Is it correct to summarize that the old code kept both the derivative and the weight of the uncertainty atom as separate values and multiplied them together to get the final uncertainty while the new code eagerly multiplies them and just keeps weights?

The AffineScalarFunc object stored a mapping from Variable constituents to the derivative of the function with respect to that Variable. When requested, e.g. during std_dev calculation, the error_components were calculated by multiplying the std_dev of the Variable by its corresponding derivative. I think lebigot had the function f(x, y) = f(x0, y0) + df/dx dx + df/dy dy in mind.

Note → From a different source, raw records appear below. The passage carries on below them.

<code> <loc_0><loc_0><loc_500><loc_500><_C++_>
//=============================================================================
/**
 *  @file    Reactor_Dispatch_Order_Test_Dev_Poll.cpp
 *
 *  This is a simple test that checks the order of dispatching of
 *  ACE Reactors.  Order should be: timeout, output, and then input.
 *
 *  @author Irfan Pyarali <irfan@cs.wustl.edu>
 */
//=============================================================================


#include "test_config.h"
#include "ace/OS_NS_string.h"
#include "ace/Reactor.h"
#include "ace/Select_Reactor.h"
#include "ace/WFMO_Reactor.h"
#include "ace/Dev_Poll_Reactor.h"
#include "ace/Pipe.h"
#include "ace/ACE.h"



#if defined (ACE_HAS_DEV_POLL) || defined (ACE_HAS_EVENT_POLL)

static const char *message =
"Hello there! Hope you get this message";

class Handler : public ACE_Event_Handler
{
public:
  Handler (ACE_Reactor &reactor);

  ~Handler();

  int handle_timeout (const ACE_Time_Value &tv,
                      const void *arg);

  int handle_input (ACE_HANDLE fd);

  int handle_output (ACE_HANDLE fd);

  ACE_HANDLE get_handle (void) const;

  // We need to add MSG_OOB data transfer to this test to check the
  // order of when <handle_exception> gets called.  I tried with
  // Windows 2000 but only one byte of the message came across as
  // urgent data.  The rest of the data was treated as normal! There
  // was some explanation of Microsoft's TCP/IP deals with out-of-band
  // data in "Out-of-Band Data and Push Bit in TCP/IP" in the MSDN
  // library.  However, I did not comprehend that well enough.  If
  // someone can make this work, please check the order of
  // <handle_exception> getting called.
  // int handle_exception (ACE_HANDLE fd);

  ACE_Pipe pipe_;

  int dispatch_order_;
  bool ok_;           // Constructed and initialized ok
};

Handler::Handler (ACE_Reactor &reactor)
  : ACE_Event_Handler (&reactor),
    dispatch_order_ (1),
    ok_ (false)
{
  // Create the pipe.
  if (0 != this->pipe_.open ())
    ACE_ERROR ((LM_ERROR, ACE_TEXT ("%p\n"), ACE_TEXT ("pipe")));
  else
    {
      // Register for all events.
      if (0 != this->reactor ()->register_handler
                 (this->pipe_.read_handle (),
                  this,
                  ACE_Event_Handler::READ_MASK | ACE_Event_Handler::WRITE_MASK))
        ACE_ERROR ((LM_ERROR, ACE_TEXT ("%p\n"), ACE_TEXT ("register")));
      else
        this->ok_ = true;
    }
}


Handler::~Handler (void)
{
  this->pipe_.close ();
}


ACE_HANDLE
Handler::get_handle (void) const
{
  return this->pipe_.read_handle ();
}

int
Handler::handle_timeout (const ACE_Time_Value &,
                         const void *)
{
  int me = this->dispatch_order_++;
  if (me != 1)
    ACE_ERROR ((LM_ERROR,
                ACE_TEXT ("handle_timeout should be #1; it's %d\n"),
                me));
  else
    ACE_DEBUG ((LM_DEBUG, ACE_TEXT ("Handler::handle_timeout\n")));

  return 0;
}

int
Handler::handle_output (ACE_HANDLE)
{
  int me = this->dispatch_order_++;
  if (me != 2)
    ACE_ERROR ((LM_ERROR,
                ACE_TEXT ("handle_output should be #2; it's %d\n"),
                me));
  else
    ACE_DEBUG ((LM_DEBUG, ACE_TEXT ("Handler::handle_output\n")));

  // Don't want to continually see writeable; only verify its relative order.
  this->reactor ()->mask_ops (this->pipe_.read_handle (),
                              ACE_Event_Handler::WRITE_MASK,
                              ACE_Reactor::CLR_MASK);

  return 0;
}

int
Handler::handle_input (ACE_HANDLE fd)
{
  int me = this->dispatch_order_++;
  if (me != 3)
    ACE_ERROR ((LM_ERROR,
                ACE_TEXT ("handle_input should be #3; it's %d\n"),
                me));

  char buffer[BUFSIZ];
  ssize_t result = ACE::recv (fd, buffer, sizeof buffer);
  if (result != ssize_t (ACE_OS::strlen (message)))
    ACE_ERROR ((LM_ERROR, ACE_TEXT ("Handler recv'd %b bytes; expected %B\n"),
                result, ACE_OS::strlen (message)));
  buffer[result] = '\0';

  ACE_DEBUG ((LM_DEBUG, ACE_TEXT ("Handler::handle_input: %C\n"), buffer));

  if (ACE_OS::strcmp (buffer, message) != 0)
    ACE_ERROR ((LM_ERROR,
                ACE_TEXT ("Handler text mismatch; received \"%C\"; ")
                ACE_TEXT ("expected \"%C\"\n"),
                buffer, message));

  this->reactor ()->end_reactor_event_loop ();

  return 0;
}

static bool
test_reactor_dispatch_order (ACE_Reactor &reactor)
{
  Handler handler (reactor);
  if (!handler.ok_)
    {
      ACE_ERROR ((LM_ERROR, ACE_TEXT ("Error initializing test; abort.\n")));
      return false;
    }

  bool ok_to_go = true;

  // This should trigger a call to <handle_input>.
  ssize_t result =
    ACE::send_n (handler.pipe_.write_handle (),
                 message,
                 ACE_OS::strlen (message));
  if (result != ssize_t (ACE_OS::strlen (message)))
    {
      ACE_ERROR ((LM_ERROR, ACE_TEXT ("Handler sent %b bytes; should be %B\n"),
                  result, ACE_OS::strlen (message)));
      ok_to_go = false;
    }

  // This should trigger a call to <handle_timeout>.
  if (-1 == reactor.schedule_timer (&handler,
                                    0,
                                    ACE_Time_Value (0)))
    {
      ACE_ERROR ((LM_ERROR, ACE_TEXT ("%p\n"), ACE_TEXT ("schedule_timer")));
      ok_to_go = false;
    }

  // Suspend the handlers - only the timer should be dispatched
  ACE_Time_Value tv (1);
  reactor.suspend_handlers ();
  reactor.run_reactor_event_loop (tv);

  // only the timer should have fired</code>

In the new framework we wanted to do away with the Variable/AffineScalarFunc distinction. Now we have UAtom which doesn't inherit from UFloat. In this case, for each UFloat, we keep track of a mapping from UAtom to a float weight. The std_dev of a UAtom is always unity, so we don't need to keep track of it. But if one UAtom moves through multiple operations we don't keep track of the intermediate derivates. The equation we have in mind is something like f(x, y) = f(x0, y0) + wa da + wb db + wc db + ... where da, db, dc are UAtom on which x and y random variables my covariantly depend. We use derivatives to calculate updated UCombo linear combination coefficients as as we do computations, but these derivative calculations are considered intermediate results which are NOT saved.

So what you say is close to correct but not quite. The old code stores the derivatives and uses the derivatives and std_devs lazily when calculating composite std_dev. The new code doesn't store std_devs of UAtom's because they're always unity. It eagerly multiplies derivatives into the new linear combination. The driver for all of this is a move away from the idea of AffineScalarFunc being a function and moving towards the idea of UFloat being a random variable.

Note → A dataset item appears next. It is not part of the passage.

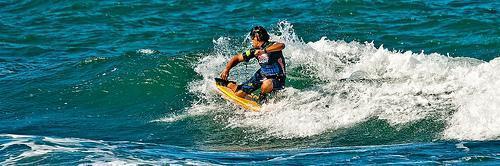How many people are in the pic?
Give a very brief answer. 1.

What is the trade off there? Is the decision that keeping only the final weights makes the code simpler and the derivative information is not interesting enough to keep?

What you say in the second sentence is essentially what I think. I think the random variable approach makes the code simpler. Getting rid of the derivatives concept allows us to eliminate the AffineScalarFunc/Variable confusion. The new framework doesn't even have a way that we could store these derivatives if we wanted to because we don't keep track of the "history" of a random variable. To do so you need a privileged class of Variable objects with respect to which derivatives can be taken and that is exactly what we were trying to eliminate. At #251 (comment) I give some more explication about what I think are the downsides of the derivatives framework.

And then yes, I think the derivative information is not interesting to keep. I don't think uncertainties should try to make derivatives computation a selling point. numdifftools or sympy and others exist for that.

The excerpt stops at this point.